/networks

Primary LanguageC++

Random Walk on Networks

This repository contains code to implement random walks and the computation of the spectral dimension on various networks utilizing SNAP. See the arxiv for the corresponding paper.

Installation

Clone this repository with git clone --recurse-submodules git@github.com:mpauly/networks.git. This will not only clone the content of this repository, but also a copy of snap. To install first run make snap. This should build all parts of snap that you need.

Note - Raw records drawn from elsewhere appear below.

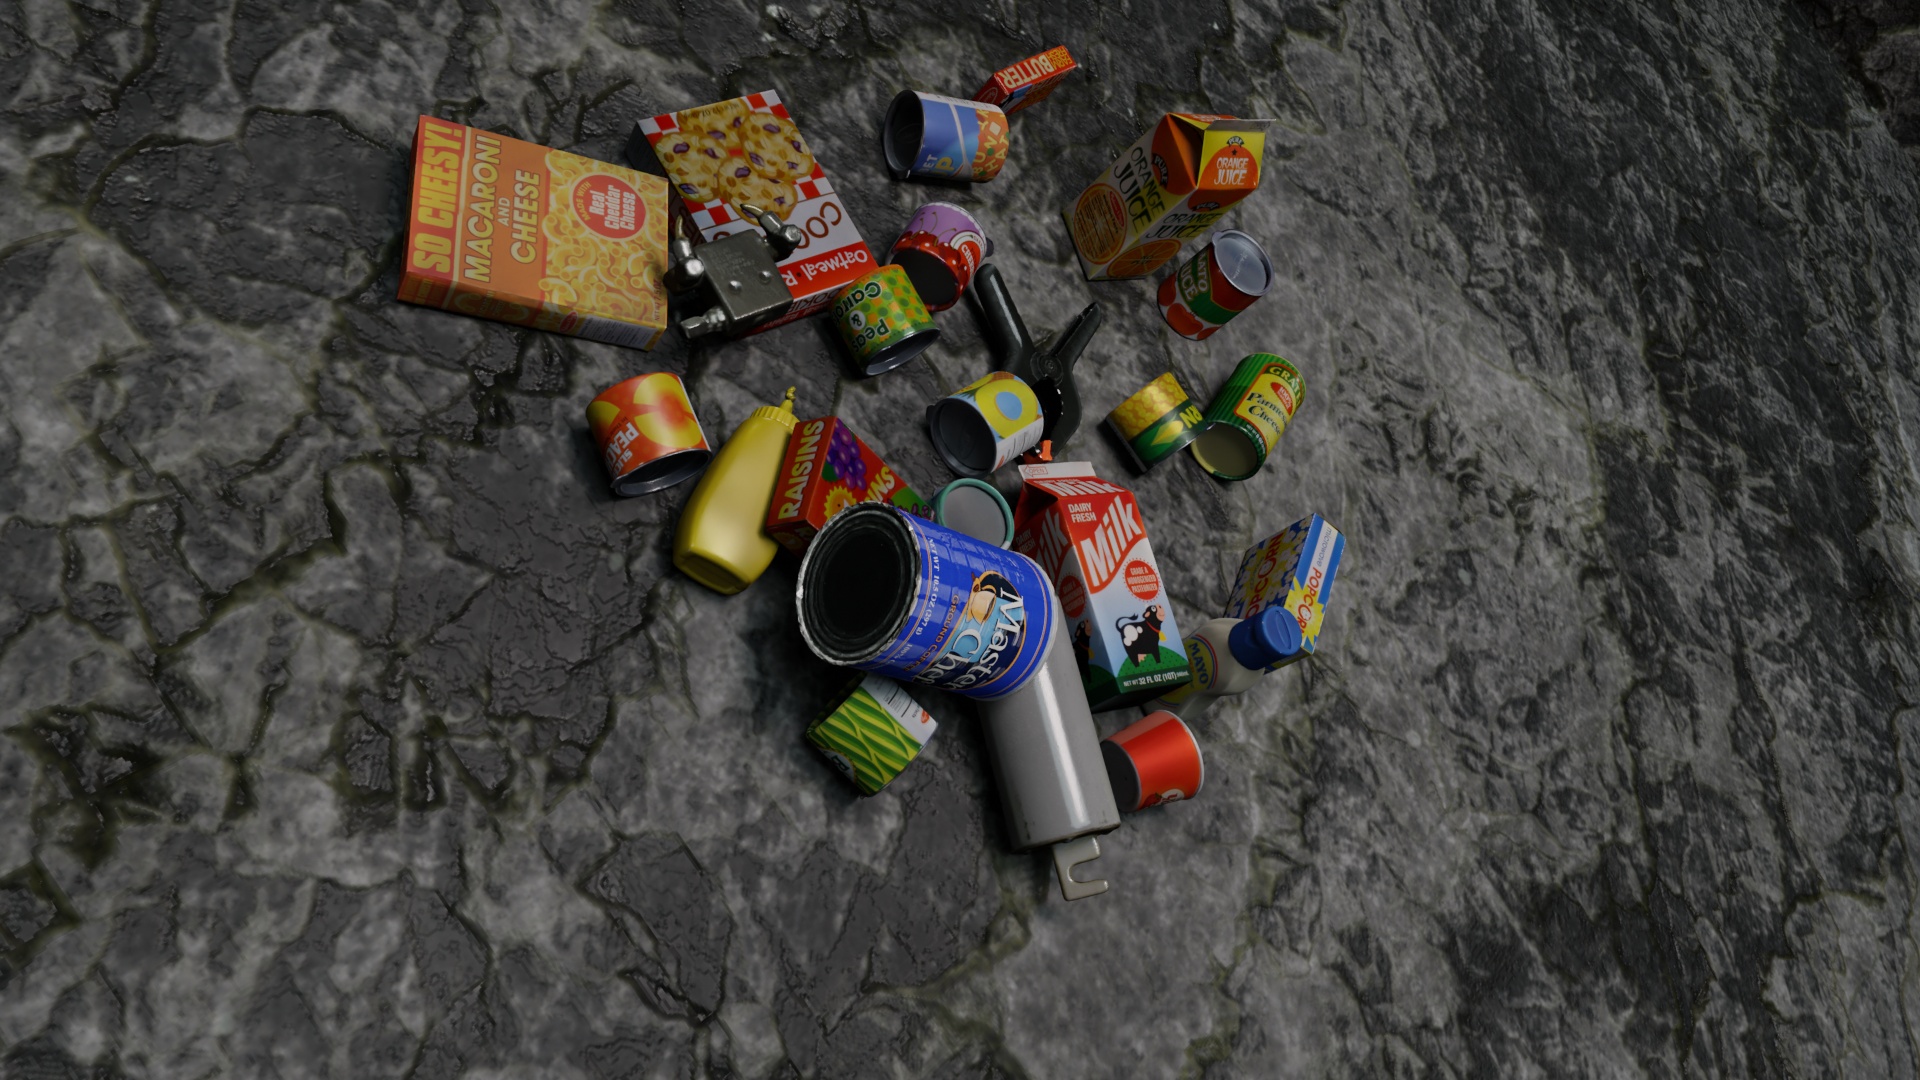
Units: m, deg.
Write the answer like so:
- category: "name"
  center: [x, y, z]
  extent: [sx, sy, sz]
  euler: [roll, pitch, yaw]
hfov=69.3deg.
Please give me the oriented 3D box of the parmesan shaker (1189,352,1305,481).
- category: "parmesan shaker"
  center: [0.250, -0.104, 1.199]
  extent: [0.071, 0.071, 0.103]
  euler: [44, 53, -7]

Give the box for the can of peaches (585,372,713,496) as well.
- category: "can of peaches"
  center: [-0.203, -0.068, 0.898]
  extent: [0.071, 0.071, 0.058]
  euler: [-16, 77, -36]

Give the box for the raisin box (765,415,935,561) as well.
- category: "raisin box"
  center: [-0.072, -0.014, 0.941]
  extent: [0.123, 0.040, 0.086]
  euler: [45, 47, -43]

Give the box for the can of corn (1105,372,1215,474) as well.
- category: "can of corn"
  center: [0.163, -0.098, 1.138]
  extent: [0.071, 0.071, 0.058]
  euler: [-34, 88, -38]

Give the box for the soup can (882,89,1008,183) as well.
- category: "soup can"
  center: [-0.012, -0.328, 1.142]
  extent: [0.084, 0.071, 0.071]
  euler: [-1, 69, -33]

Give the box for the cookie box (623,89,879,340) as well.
- category: "cookie box"
  center: [-0.153, -0.243, 1.028]
  extent: [0.123, 0.040, 0.167]
  euler: [-27, 83, -36]

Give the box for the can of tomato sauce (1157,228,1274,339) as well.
- category: "can of tomato sauce"
  center: [0.223, -0.226, 1.228]
  extent: [0.071, 0.082, 0.071]
  euler: [14, 62, -26]

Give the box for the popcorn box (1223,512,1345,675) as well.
- category: "popcorn box"
  center: [0.256, 0.047, 1.118]
  extent: [0.038, 0.085, 0.127]
  euler: [37, 53, -13]

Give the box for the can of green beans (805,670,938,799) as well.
- category: "can of green beans"
  center: [-0.058, 0.122, 0.899]
  extent: [0.058, 0.071, 0.071]
  euler: [45, 53, -5]

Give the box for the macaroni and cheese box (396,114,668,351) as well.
- category: "macaroni and cheese box"
  center: [-0.282, -0.203, 0.929]
  extent: [0.167, 0.040, 0.124]
  euler: [9, 64, -29]

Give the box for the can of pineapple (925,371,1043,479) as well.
- category: "can of pineapple"
  center: [0.019, -0.089, 1.047]
  extent: [0.058, 0.070, 0.071]
  euler: [-33, 88, -38]

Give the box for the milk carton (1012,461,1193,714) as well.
- category: "milk carton"
  center: [0.097, 0.029, 1.035]
  extent: [0.072, 0.073, 0.191]
  euler: [-4, 70, -33]

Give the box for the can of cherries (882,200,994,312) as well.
- category: "can of cherries"
  center: [-0.017, -0.221, 1.084]
  extent: [0.071, 0.071, 0.059]
  euler: [37, 54, -12]

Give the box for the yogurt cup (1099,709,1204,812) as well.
- category: "yogurt cup"
  center: [0.134, 0.162, 1.003]
  extent: [0.054, 0.072, 0.072]
  euler: [-15, 77, -28]

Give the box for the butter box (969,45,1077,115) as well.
- category: "butter box"
  center: [0.053, -0.400, 1.223]
  extent: [0.104, 0.053, 0.024]
  euler: [-36, 92, -38]

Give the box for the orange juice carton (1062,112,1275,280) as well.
- category: "orange juice carton"
  center: [0.176, -0.296, 1.162]
  extent: [0.072, 0.192, 0.073]
  euler: [-10, 75, -36]

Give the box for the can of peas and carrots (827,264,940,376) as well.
- category: "can of peas and carrots"
  center: [-0.059, -0.163, 1.032]
  extent: [0.071, 0.070, 0.059]
  euler: [-25, 82, -37]

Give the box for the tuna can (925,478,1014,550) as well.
- category: "tuna can"
  center: [0.004, -0.013, 1.022]
  extent: [0.071, 0.032, 0.071]
  euler: [13, 62, -27]

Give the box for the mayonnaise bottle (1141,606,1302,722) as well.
- category: "mayonnaise bottle"
  center: [0.186, 0.088, 1.015]
  extent: [0.041, 0.147, 0.065]
  euler: [-4, 70, -33]

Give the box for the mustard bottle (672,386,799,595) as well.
- category: "mustard bottle"
  center: [-0.139, -0.041, 0.937]
  extent: [0.065, 0.048, 0.161]
  euler: [34, 54, -20]

After that you should be able to run make. This should build all executables. All graph files are stored in data/graphs/ and data/networks/ (where networks have a weight for their edges), data/dimension contains the spectral dimension extracted from a set of random walks and data/walks/ contains the random walks as binary files. The directory plots/ contains the resulting plots. To generate graphs execute ./make_graphs.x. To run a random walk on one of the graphs run ./random_walk.x 1d_ring_100, and explore the options for the random walker with ./random_walk.x -?. There also is a ./queue_walk.x that is more suitable for use in queuing systems.

Work flow

The standard work flow are the three following steps: 1.) Generating/Downloading a graph via ./make_graph.x. This will generate graph files in the data/graphs/ subdirectory. 2.) Executing a random walk via ./random_walk.x or ./queue_walk.x on one of the graph files. See ./random_walk.x -? for more details on the usage. If you use ./random_walk.x, the result will be a file containing the spectral dimension as a function of the random walker steps in the subfolder data/dimension. If you use ./queue_walk.x, the resulting walks are exported to data/walks. To analyze the spectral dimension, the walks can be merged using ./merge_walks_to_data.x, and then also give a file containing the spectral dimension in the subfolder data/dimension. 3.) Plotting the dimension using python plots/plot_dimension.py data/dimension/SomeDimFile.dat or any other plotting utility of your choice. Also see the various python files in plots/ for more detailed analysis.

Artificial graph data

Artifical graphs can be generated (and in some cases analyzed) using the commands grid.x, hyperbolic.x, ring.x and watts_strogatz.x.

Data handling

Existing graphs can be checked with ./inspect_graph.x. If you perform a random walk with ./queue_walk.x on multiple cores then you typically end up with a set of binary files in data/walks/. To inspect these walks use ./inspect_walks.x. To merge the various walks into a single binary file use ./merge_walks_to_data.x.

Downloading real-world graph data

To download some real-world graph data just run make graph_data. This downloads a few graph datasets. If you then run the corresponding subcommand for ./make_datagraphs.x, this generates the corresponding graph files that you can then run the walker on. For an overview of the corresponding datasets see the list of datasets.